Embedding, Image, and Assistant Steps
embedding and image_generation steps carry model, cost, and latency in the same way a run step does. Embedding
steps include token usage in output; image steps can include generated image URLs or provider metadata.
assistant_thread steps represent turns in a stateful multi-turn conversation.
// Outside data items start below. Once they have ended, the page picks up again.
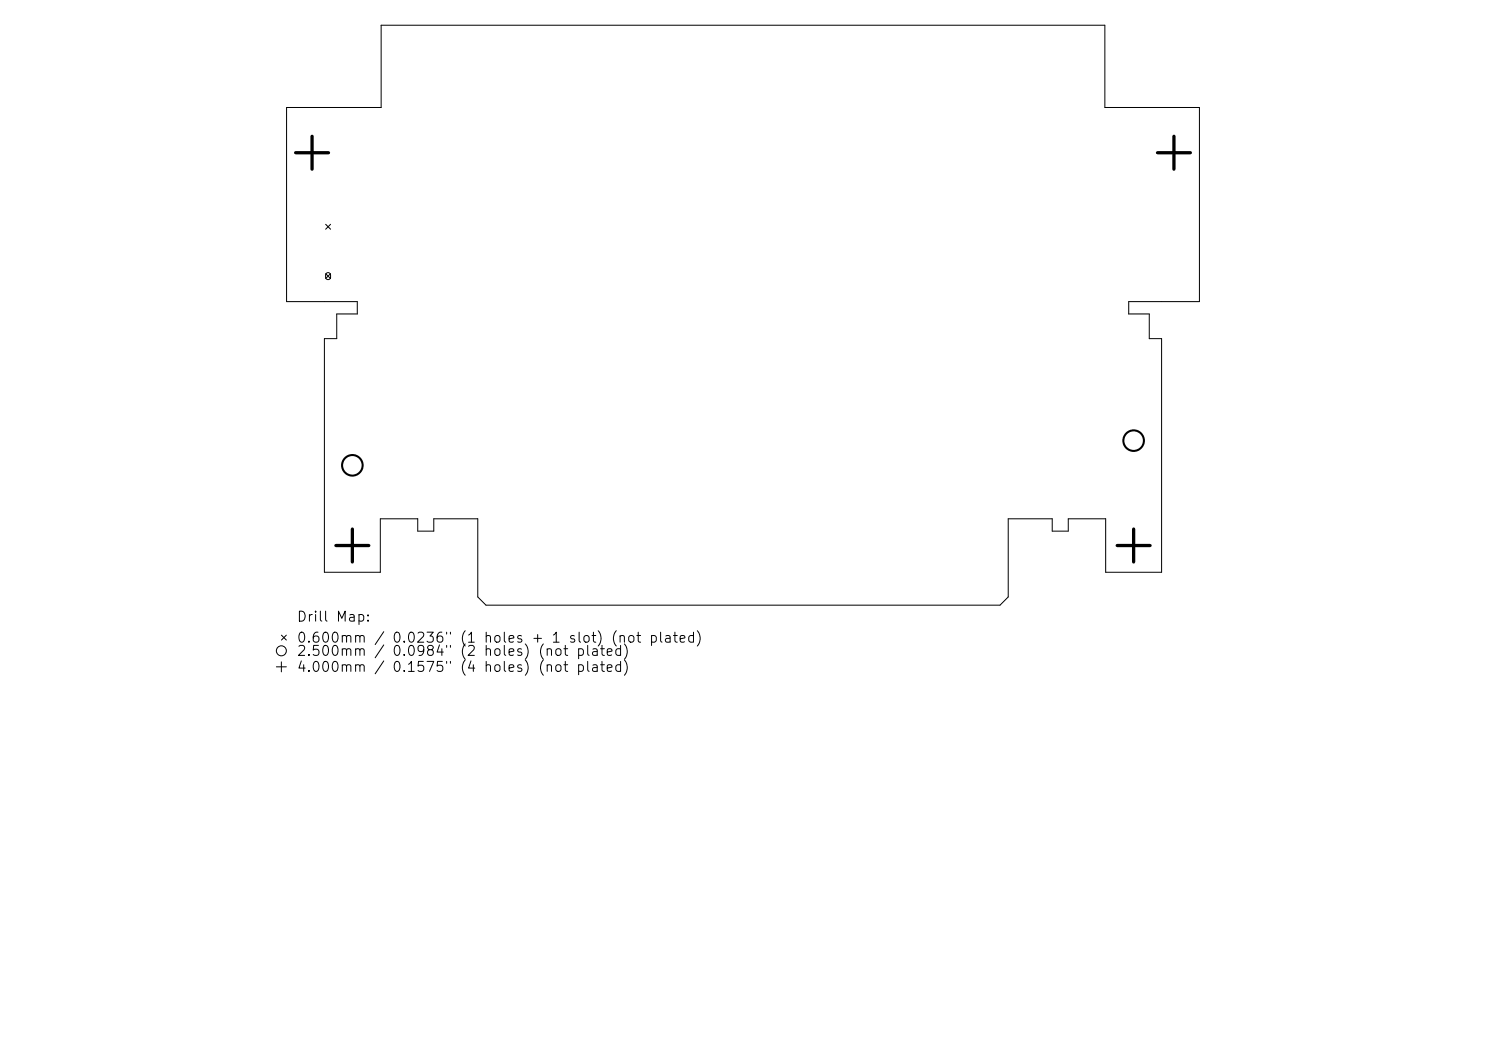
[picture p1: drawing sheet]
<svg xmlns="http://www.w3.org/2000/svg" width="297mm" height="210mm" viewBox="0 0 297 210" stroke-linecap="round" stroke-linejoin="round" font-family="sans-serif">
<defs><g id="words">
<g font-size="2">
<text x="59.2" y="124.7">Drill Map:</text>
<text x="59.2" y="128.9">0.600mm / 0.0236&quot; (1 holes + 1 slot) (not plated)</text>
<text x="59.2" y="131.6">2.500mm / 0.0984&quot; (2 holes) (not plated)</text>
<text x="59.2" y="134.8">4.000mm / 0.1575&quot; (4 holes) (not plated)</text>
</g>
</g></defs>
<g fill="none" stroke="#000" stroke-width=".2">
<path d="M57.3 21.5h18.9v-16.5h144.6v16.5h18.9v38.8h-14.1v2.4h4.1v5h2.5v46.6h-11.2v-10.6h-7.5v2.4h-3.2v-2.4h-8.8v15.6l-1.6 1.6h-102.8l-1.6-1.6v-15.6h-8.8v2.4h-3.2v-2.4h-7.5v10.6h-11.2v-46.6h2.5v-5h4.1v-2.4h-14.1zM65.1 44.8l1 1M65.1 54.7l1 1M65.2 54.6l.5-.1 .3 .3 .1 .7-.3 .3h-.4l-.3-.2v-.7zM66.1 44.8l-1 1M66.1 54.7l-1 1M55.2 133.2h2M56.2 132.2v2M56.2 126.9l1 1M57.2 126.9l-1 1"/>
<circle cx="56.2" cy="130" r="1"/>
</g>
<g fill="none" stroke="#000" stroke-width=".41">
<circle cx="70.4" cy="93" r="2.05"/>
<circle cx="226.6" cy="88" r="2.05"/>
</g>
<path d="M59.1 30.5h6.6M62.4 27.2v6.6M231.3 30.5h6.6M234.6 27.2v6.6M67.1 109h6.6M70.4 105.7v6.6M223.3 109h6.6M226.6 105.7v6.6" fill="none" stroke="#000" stroke-width=".66"/>
<use href="#words"/>
</svg>

The thread_turn value is the 1-based
turn index within the trace.
Failed Traces
A failed trace means execution encountered an unrecoverable error, such as a provider 5xx, gateway timeout, or exhausted fallback path.
{
"id": "550e8400-e29b-41d4-a716-446655440001",
"status": "failed",
"created_at": "2026-04-12T09:01:00Z",
"summary": {
"total_cost": 0.0,
"optimization_grade": null
},
"steps": [
{
"type": "check",
"output": {
"allowed": true
},
"meta": {
"latency_ms": 11.2
}
},
{
"type": "blocked",
"output": {
"reason": "provider_error",
"message": "OpenAI returned 503 after all fallback models were exhausted."
},
"meta": {
"latency_ms": 4820
}
}
]
}
Use GET /api/v1/traces?status=failed to build error-rate views, inspect provider instability, or drive retry
workflows. Failed traces can still be useful: they show how far the request traveled before the failure occurred.
Your trace data is isolated to your project. A trace from another account is never visible through your API key or dashboard session.